Stored items:
____

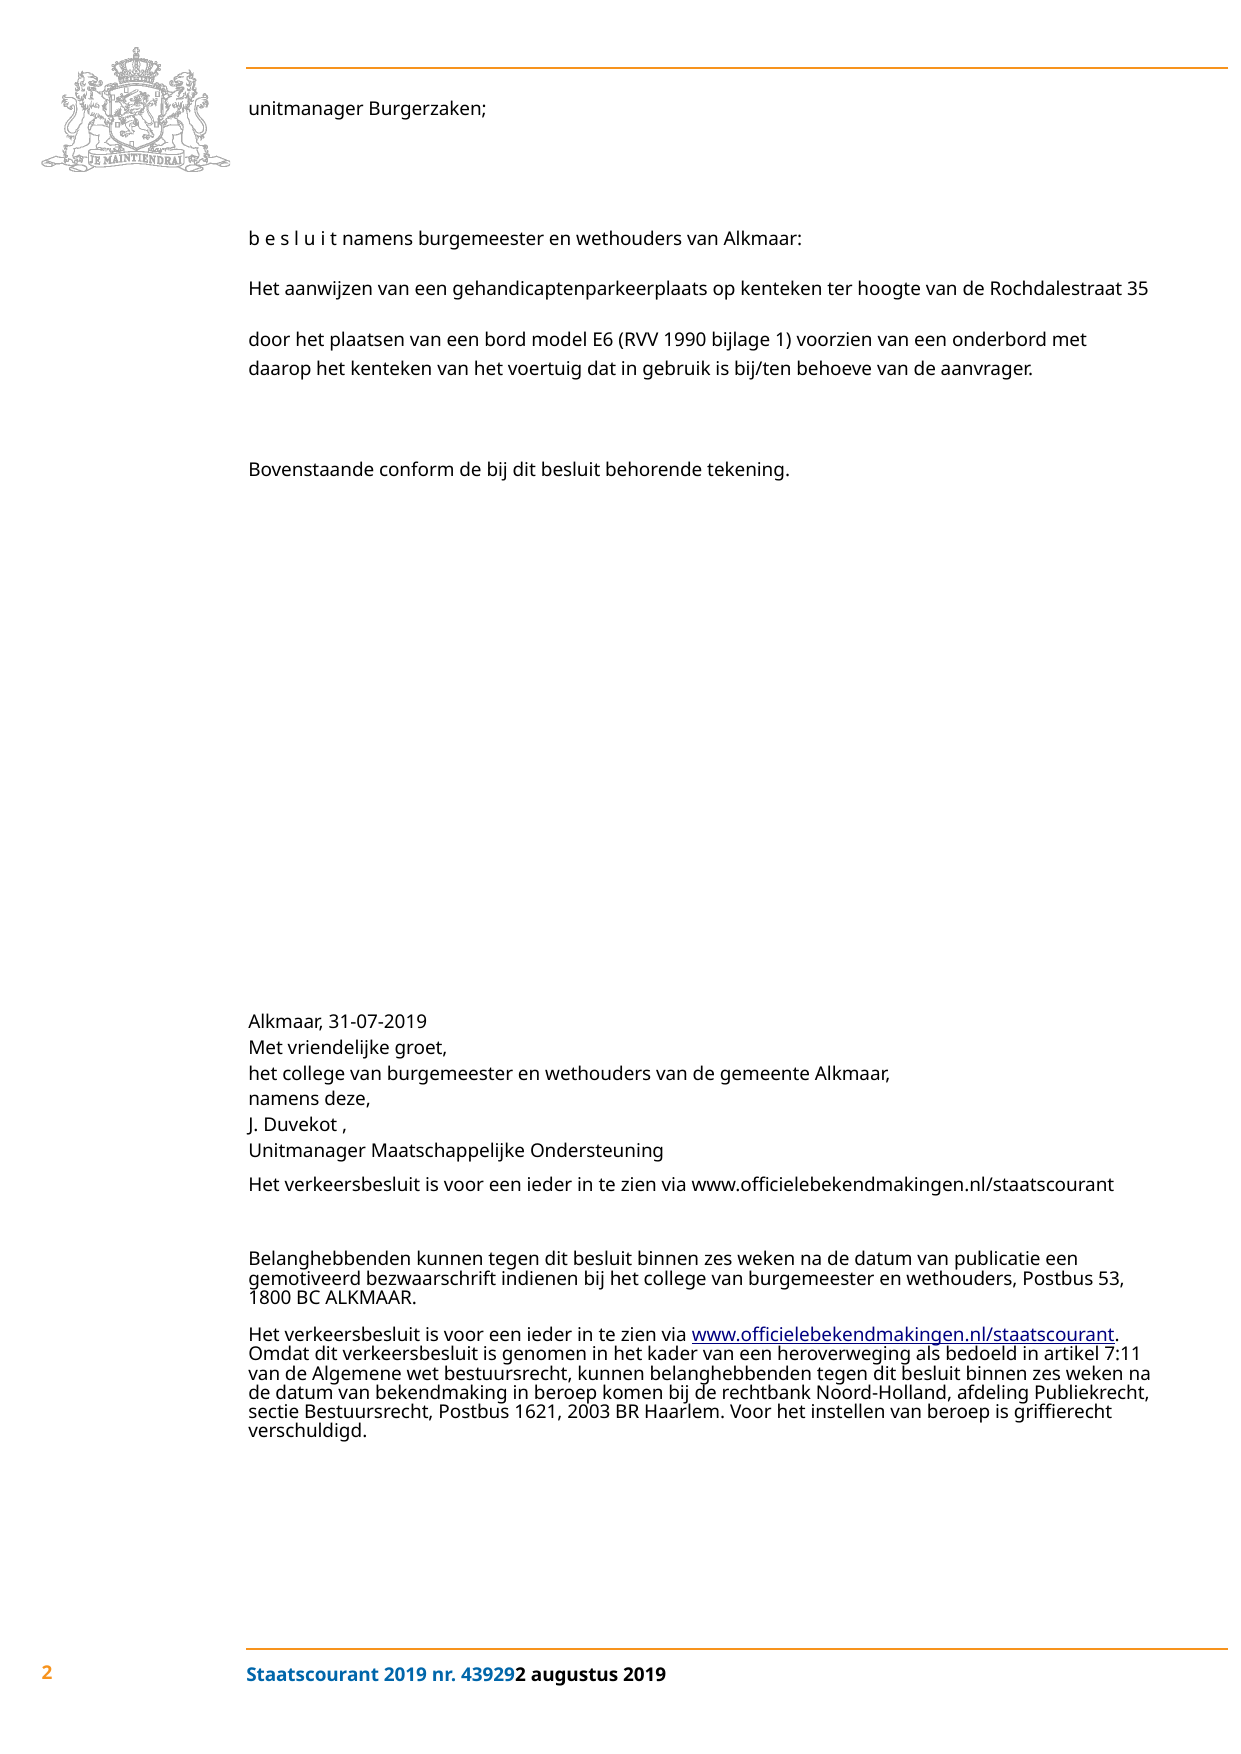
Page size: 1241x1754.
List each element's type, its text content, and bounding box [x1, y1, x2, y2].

text J. Duvekot , [248, 1111, 1152, 1137]
text Het aanwijzen van een gehandicaptenparkeerplaats op kenteken ter hoogte van de Rochdalestraat 35 [248, 276, 1152, 301]
text het college van burgemeester en wethouders van de gemeente Alkmaar, [248, 1060, 1152, 1086]
text unitmanager Burgerzaken; [248, 95, 1152, 121]
text Belanghebbenden kunnen tegen dit besluit binnen zes weken na de datum van publicatie een gemotiveerd bezwaarschrift indienen bij het college van burgemeester en wethouders, Postbus 53, 1800 BC ALKMAAR. [248, 1250, 1152, 1308]
text b e s l u i t namens burgemeester en wethouders van Alkmaar: [248, 225, 1152, 251]
text Unitmanager Maatschappelijke Ondersteuning [248, 1137, 1152, 1163]
text Met vriendelijke groet, [248, 1034, 1152, 1060]
picture [41, 47, 231, 172]
text Het verkeersbesluit is voor een ieder in te zien via www.officielebekendmakingen.nl/staatscourant [248, 1176, 1152, 1196]
text Alkmaar, 31-07-2019 [248, 1008, 1152, 1034]
text Bovenstaande conform de bij dit besluit behorende tekening. [248, 456, 1152, 482]
text namens deze, [248, 1086, 1152, 1111]
text Het verkeersbesluit is voor een ieder in te zien via www.officielebekendmakingen.nl/staatscourant. Omdat dit verkeersbesluit is genomen in het kader van een heroverweging als bedoeld in artikel 7:11 van de Algemene wet bestuursrecht, kunnen belanghebbenden tegen dit besluit binnen zes weken na de datum van bekendmaking in beroep komen bij de rechtbank Noord-Holland, afdeling Publiekrecht, sectie Bestuursrecht, Postbus 1621, 2003 BR Haarlem. Voor het instellen van beroep is griffierecht verschuldigd. [248, 1326, 1152, 1442]
text door het plaatsen van een bord model E6 (RVV 1990 bijlage 1) voorzien van een onderbord met daarop het kenteken van het voertuig dat in gebruik is bij/ten behoeve van de aanvrager. [248, 326, 1152, 381]
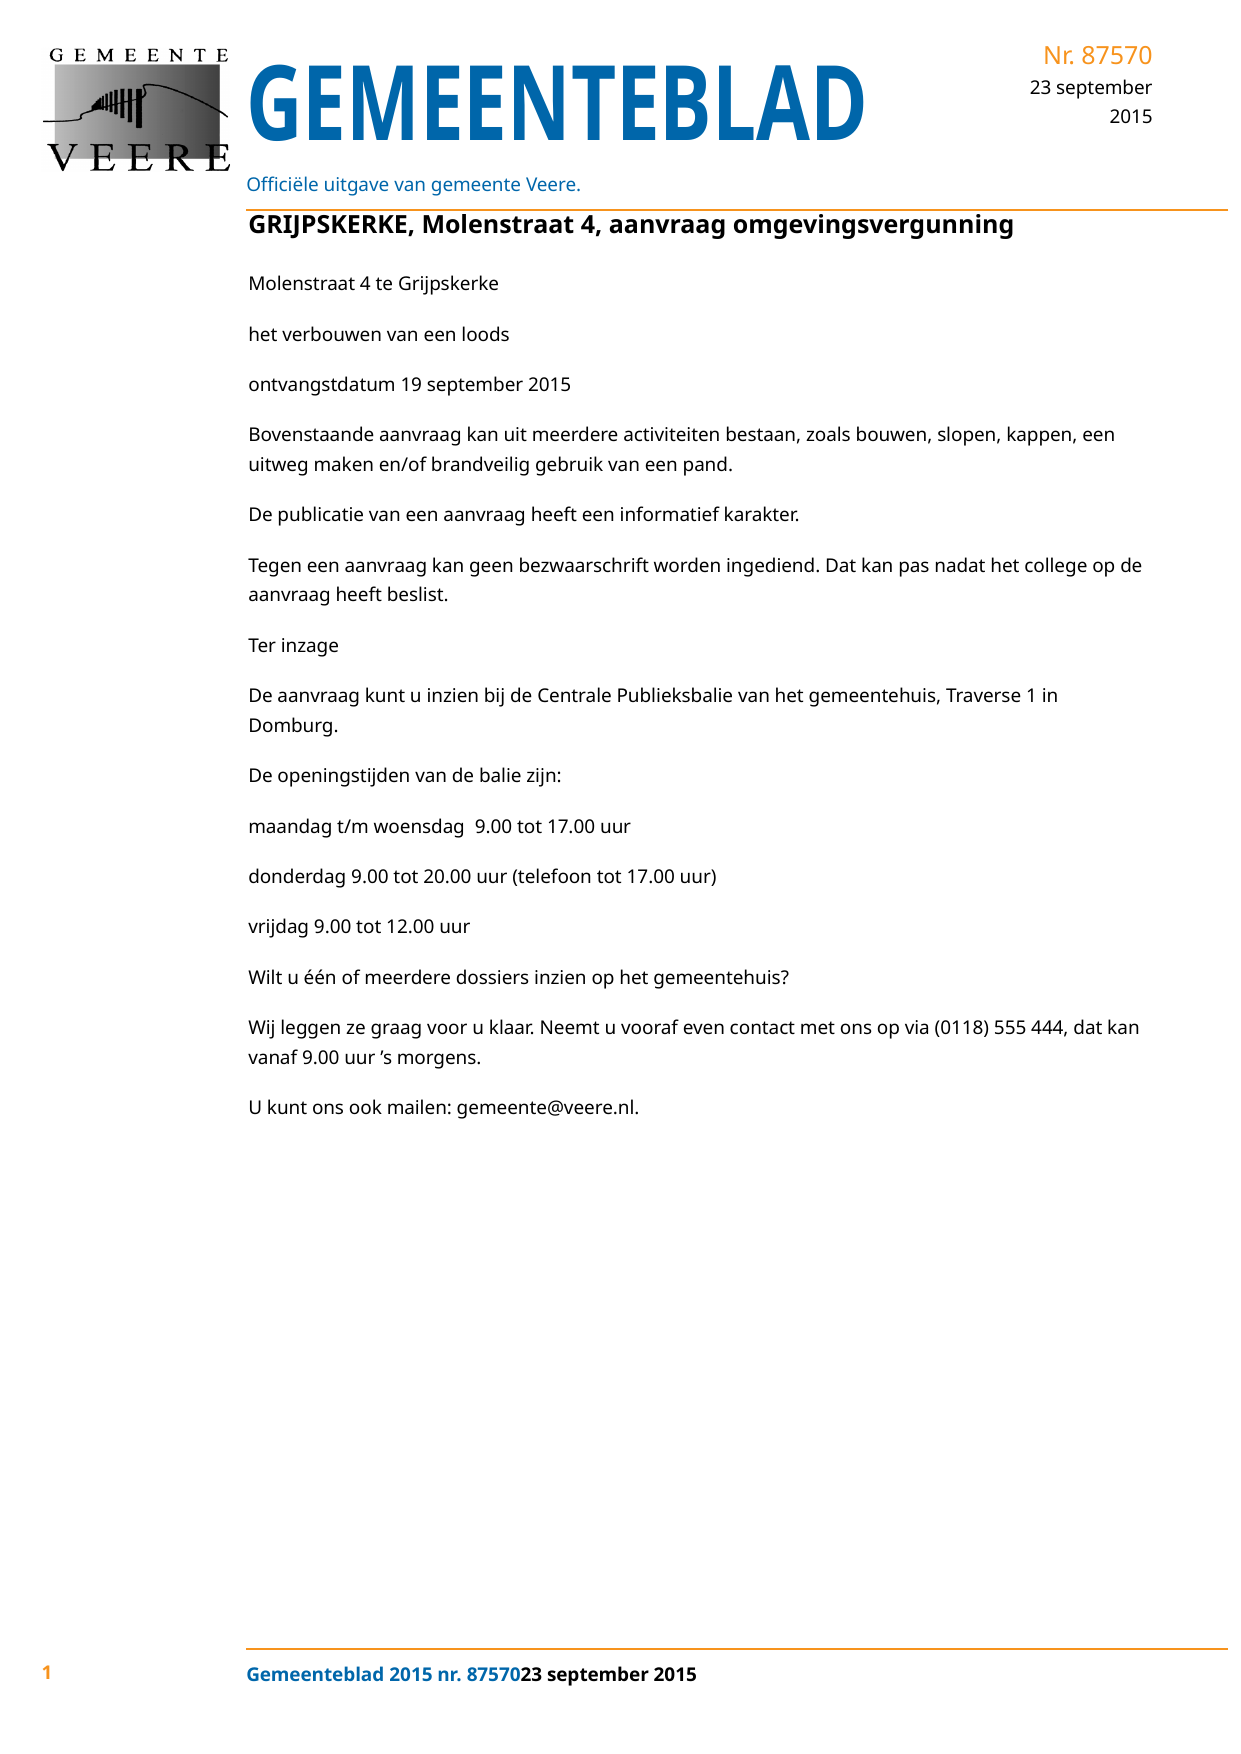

____

TASK DESCRIPTION:
Looking at the data above, show all lines where the word "kenteken" occurs.

EXERCISE ANSWER:
text Het aanwijzen van een gehandicaptenparkeerplaats op kenteken ter hoogte van de Rochdalestraat 35 [248, 276, 1152, 301]
text door het plaatsen van een bord model E6 (RVV 1990 bijlage 1) voorzien van een onderbord met daarop het kenteken van het voertuig dat in gebruik is bij/ten behoeve van de aanvrager. [248, 326, 1152, 381]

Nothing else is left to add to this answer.